Auch die IG Metall Weser-Elbe hat zu Neuhoffs Äußerungen Stellung bezogen. "Der neue Bürgermeister und Kämmerer Torsten Neuhoff wird aufgefordert, seine Aussagen über den OTB zu überdenken und zur Windbranche und damit zu Hunderten von Arbeitsplätzen in Bremerhaven zu stehen", heißt es in einer Mitteilung. Die Gewerkschaft sei weiterhin für den OTB-Bau.

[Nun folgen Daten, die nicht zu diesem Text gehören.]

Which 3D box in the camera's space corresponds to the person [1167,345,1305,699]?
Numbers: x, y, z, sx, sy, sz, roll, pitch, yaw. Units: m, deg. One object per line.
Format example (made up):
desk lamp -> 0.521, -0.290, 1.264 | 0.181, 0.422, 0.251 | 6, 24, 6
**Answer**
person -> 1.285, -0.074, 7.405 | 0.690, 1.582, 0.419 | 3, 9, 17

2013 wollte die Bremerhavener Stadtverwaltung mit dem Bau des Offshore-Terminals beginnen, dessen Fertigstellung für 2014 angedacht war. Windenergieanlagen und andere Elemente für Offshore-Windparks sollen dort verladen werden. Der Naturschutzverband BUND hat das Projekt scharf kritisiert und Klage dagegen eingelegt. Der Bau würde in den EU-Schutzgebieten Luneplate und Weser bei Bremerhaven zu irreparablen Schäden führen. Unter anderem könnten verschiedene Wattvogelarten, Wanderfische und Schweinswale unter der Lärmbelastung bim Bau leiden.

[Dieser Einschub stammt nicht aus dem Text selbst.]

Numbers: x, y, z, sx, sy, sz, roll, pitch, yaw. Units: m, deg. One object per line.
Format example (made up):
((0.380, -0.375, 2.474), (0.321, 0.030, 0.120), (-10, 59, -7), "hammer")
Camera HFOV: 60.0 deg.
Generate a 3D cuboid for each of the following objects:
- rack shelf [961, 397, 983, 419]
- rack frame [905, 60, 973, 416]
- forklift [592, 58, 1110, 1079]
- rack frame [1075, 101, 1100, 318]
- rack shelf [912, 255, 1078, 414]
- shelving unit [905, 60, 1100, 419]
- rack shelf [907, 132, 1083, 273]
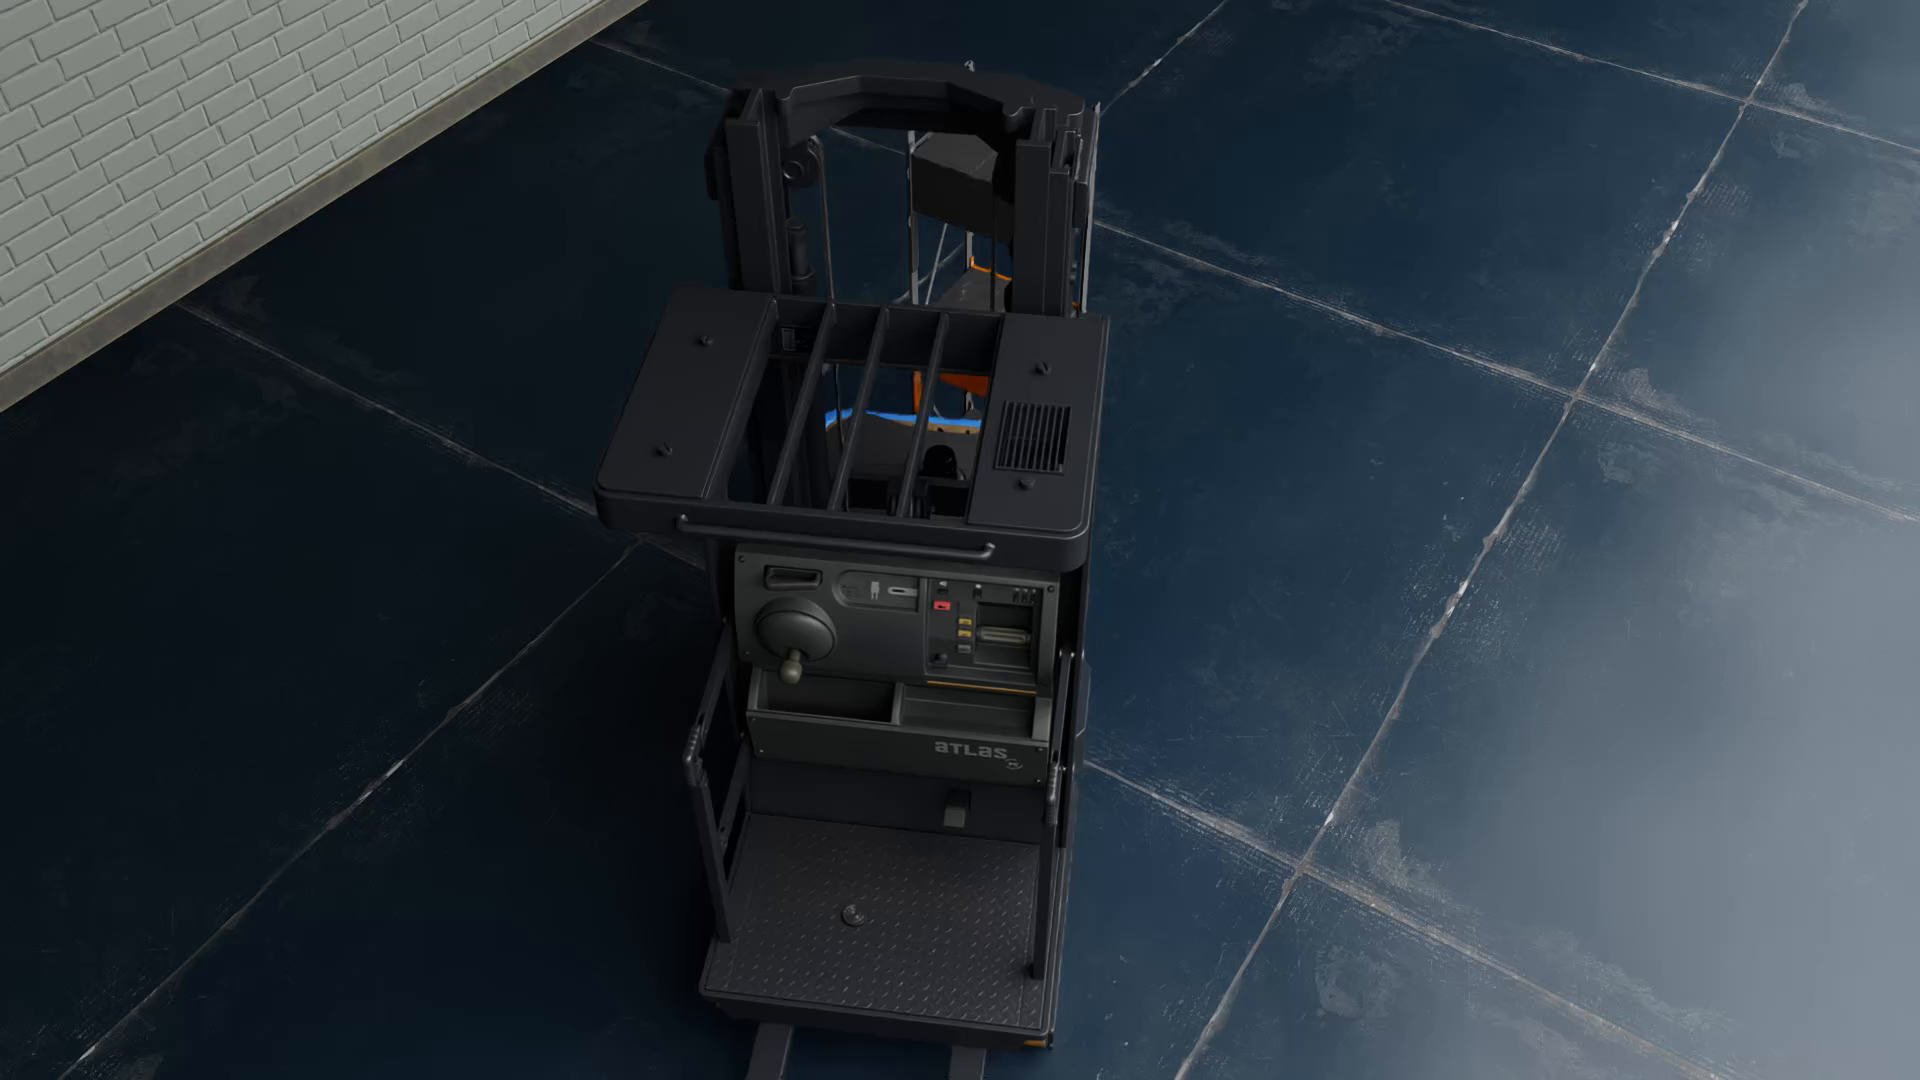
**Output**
((0.138, -0.178, 6.675), (0.480, 0.518, 0.431), (24, 51, 22), "rack shelf")
((-0.069, -0.767, 6.251), (0.015, 2.100, 0.400), (24, 51, 22), "rack frame")
((-0.211, 0.337, 4.601), (1.130, 2.935, 3.031), (5, 46, 5), "forklift")
((0.345, -0.581, 6.072), (0.015, 2.100, 0.400), (24, 51, 22), "rack frame")
((0.138, -0.665, 6.171), (0.480, 0.518, 0.431), (24, 51, 22), "rack shelf")
((0.138, -0.674, 6.162), (0.503, 2.100, 0.431), (24, 51, 22), "shelving unit")
((0.139, -1.151, 5.668), (0.480, 0.518, 0.431), (24, 51, 22), "rack shelf")

Das Verwaltungsgericht Bremen gab der Klage Recht. Auch sei die Wasserstraßen- und Schifffahrtsverwaltung des Bundes für das Planfeststellungsverfahren verantwortlich, nicht der Senator für Umwelt, Bau und Verkehr. Dieser legte daraufhin beim Oberverwaltungsgericht Widerspruch ein. Ein abschließendes Urteil steht noch aus.
Cuxhavens Schwerguthafen
2015 fuhren Unterstützer eine Schlappe ein, als der potenzielle OTB-Kunde Siemens Bremerhaven eine Abfuhr erteilte und bekannt gab, ein neues Werk mit etwa 1000 Arbeitsplätzen in Cuxhaven zu eröffnen. Im Gegensatz zu Bremerhaven war Cuxhavens Schwerguthafen zu dem Zeitpunkt bereits fertiggestellt und einsatzbereit.
Befürworter weisen darauf hin, dass das OTB auch ohne aktuelle Großkunden eine sinnvolle Investition sei: Der Offshore-Terminal Cuxhaven wurde 2009 gebaut. Die Hoffnung, das Bauunternehmen Strabag würde den Standort nutzen, ging nicht in Erfüllung. Bis zu Siemens Zusage stand die Anlage größtenteils ungenutzt.
An diesem Mittwoch wird die Bremische Bürgerschaft über das OTB debattieren. Ab 16.45 Uhr ist eine Sitzung zum Thema einberufen.